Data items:
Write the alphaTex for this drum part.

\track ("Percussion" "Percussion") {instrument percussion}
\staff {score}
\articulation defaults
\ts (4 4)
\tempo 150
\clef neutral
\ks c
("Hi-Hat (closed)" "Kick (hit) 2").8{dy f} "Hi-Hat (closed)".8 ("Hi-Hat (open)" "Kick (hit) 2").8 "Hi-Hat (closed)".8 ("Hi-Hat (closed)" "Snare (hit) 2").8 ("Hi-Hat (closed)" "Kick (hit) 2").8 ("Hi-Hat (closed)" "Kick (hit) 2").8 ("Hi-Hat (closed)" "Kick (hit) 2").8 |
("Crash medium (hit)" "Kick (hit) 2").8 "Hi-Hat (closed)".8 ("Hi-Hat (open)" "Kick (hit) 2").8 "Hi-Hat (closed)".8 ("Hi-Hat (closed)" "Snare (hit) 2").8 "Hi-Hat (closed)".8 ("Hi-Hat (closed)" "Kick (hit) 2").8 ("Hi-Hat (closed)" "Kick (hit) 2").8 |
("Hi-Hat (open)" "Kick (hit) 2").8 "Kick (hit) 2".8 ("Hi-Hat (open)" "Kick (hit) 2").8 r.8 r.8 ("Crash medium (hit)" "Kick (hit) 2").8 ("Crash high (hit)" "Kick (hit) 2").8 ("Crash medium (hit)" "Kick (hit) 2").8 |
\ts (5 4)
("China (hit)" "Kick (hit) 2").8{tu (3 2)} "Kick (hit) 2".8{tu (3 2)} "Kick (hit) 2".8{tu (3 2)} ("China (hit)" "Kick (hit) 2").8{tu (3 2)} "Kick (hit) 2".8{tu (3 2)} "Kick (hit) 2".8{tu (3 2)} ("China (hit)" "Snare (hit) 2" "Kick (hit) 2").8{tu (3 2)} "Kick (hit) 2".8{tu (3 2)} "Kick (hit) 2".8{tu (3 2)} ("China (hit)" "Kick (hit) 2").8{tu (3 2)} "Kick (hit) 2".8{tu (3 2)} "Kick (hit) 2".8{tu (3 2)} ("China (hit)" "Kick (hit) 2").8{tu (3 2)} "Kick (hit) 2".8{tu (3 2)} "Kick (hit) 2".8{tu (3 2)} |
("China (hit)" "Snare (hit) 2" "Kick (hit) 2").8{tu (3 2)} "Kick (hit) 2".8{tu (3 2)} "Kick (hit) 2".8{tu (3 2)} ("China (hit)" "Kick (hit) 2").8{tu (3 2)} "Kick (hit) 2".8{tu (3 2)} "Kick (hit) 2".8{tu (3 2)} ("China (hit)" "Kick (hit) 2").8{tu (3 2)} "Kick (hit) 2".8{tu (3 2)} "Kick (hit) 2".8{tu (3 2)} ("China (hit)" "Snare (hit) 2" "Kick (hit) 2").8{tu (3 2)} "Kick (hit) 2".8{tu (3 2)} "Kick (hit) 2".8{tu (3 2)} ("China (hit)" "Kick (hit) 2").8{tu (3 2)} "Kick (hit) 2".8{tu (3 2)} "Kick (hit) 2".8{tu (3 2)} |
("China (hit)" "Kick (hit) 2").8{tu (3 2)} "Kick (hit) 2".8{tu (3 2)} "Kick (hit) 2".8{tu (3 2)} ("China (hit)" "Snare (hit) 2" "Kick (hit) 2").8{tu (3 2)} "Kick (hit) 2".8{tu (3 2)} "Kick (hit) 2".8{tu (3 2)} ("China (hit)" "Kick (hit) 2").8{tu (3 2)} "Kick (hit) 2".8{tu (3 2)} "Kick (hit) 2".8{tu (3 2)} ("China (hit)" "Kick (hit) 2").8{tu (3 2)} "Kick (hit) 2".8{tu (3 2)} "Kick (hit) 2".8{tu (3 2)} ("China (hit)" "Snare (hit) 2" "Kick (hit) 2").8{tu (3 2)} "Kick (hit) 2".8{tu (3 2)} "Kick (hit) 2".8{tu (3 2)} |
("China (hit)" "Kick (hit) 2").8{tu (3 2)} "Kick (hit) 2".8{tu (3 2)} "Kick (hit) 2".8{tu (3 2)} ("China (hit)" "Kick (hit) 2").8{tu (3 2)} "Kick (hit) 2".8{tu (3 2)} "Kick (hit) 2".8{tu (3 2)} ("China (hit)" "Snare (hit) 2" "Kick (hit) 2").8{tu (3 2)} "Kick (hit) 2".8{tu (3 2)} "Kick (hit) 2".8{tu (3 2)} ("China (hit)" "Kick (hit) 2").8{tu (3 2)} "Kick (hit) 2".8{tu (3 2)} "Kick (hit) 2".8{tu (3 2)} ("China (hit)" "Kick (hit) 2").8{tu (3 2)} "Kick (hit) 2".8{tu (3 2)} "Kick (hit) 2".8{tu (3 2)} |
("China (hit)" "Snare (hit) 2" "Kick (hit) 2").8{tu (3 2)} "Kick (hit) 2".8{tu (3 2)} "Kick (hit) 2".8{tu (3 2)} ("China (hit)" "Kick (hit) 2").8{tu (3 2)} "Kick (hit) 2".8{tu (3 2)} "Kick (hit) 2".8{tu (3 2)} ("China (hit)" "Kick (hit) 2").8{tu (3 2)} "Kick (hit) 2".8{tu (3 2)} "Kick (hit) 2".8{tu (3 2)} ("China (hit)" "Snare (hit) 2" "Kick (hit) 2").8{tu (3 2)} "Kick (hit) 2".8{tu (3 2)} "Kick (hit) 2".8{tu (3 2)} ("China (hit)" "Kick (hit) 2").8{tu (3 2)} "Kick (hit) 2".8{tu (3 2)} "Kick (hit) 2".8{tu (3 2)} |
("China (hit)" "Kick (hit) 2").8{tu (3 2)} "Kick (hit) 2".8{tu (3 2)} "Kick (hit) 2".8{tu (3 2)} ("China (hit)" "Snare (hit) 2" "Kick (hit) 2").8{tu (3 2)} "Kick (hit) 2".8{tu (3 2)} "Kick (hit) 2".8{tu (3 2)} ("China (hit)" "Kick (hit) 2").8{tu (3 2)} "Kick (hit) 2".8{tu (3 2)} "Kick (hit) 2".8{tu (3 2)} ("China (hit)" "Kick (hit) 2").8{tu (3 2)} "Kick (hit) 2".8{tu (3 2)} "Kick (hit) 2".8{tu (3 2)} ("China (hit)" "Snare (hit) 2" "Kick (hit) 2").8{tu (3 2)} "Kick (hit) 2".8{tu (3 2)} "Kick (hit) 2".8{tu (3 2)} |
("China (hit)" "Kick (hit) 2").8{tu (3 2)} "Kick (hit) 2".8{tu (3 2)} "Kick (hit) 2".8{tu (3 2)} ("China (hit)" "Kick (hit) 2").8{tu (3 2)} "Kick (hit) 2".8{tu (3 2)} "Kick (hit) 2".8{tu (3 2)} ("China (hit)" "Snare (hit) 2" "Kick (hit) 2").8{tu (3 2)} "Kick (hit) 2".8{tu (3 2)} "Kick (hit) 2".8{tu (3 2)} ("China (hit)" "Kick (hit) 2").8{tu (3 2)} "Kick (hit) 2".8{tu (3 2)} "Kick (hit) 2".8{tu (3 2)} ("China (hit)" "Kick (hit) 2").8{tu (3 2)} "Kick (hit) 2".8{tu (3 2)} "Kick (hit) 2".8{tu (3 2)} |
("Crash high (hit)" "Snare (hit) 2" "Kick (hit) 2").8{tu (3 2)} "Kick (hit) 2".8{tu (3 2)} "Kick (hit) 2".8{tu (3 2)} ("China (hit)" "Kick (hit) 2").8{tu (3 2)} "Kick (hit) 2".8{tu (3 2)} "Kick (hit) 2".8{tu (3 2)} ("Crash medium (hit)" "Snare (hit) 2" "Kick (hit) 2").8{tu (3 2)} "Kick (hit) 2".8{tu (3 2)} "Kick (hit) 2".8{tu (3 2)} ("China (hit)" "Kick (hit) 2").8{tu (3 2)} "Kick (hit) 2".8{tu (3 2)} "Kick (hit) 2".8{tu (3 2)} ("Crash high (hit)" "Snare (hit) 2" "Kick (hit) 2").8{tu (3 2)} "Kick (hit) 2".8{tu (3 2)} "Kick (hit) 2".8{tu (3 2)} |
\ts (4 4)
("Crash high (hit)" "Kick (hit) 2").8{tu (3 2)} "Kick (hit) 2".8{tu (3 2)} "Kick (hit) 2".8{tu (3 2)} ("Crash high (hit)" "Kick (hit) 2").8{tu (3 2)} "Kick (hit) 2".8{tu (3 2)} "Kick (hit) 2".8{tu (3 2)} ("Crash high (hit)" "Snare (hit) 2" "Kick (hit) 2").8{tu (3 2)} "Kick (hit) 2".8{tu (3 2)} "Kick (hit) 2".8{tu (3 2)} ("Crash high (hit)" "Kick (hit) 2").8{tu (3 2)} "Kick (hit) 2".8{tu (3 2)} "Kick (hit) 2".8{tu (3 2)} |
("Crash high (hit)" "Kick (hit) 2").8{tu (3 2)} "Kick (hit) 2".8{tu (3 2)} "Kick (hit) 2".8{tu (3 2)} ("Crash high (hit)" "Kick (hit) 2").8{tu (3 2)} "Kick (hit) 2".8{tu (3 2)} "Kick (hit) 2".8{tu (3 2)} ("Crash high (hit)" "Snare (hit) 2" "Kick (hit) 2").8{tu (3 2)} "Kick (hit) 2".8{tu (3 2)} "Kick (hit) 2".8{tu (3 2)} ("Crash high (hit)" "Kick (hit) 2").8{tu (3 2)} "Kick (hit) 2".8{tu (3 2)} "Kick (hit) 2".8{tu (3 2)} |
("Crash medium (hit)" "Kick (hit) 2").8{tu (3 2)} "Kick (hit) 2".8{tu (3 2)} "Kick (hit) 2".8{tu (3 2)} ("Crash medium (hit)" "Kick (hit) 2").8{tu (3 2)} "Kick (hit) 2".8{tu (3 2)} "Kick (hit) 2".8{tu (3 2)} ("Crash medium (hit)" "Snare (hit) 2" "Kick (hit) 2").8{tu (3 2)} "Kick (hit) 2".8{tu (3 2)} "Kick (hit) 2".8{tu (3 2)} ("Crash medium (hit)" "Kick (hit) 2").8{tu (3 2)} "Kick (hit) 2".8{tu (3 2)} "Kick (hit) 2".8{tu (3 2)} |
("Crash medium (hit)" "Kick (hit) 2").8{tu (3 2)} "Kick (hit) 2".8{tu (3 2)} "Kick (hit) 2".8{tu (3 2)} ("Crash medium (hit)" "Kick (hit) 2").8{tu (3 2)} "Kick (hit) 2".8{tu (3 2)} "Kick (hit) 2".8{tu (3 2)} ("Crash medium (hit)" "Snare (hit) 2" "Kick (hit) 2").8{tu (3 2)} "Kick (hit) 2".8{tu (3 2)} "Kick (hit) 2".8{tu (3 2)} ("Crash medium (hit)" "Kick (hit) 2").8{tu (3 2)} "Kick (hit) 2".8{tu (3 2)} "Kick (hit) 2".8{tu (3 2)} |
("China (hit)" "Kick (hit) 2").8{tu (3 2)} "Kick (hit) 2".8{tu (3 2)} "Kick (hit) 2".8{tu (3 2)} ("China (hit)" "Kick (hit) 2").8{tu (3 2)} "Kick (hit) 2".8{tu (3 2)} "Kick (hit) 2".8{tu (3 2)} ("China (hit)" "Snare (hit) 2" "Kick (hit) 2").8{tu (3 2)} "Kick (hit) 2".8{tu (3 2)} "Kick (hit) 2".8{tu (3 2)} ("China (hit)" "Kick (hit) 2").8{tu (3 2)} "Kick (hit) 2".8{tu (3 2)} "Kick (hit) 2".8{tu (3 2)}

§ **The problem**
From the data above, copy every line where "closed" appears.

§ **Written response**
("Hi-Hat (closed)" "Kick (hit) 2").8{dy f} "Hi-Hat (closed)".8 ("Hi-Hat (open)" "Kick (hit) 2").8 "Hi-Hat (closed)".8 ("Hi-Hat (closed)" "Snare (hit) 2").8 ("Hi-Hat (closed)" "Kick (hit) 2").8 ("Hi-Hat (closed)" "Kick (hit) 2").8 ("Hi-Hat (closed)" "Kick (hit) 2").8 |
("Crash medium (hit)" "Kick (hit) 2").8 "Hi-Hat (closed)".8 ("Hi-Hat (open)" "Kick (hit) 2").8 "Hi-Hat (closed)".8 ("Hi-Hat (closed)" "Snare (hit) 2").8 "Hi-Hat (closed)".8 ("Hi-Hat (closed)" "Kick (hit) 2").8 ("Hi-Hat (closed)" "Kick (hit) 2").8 |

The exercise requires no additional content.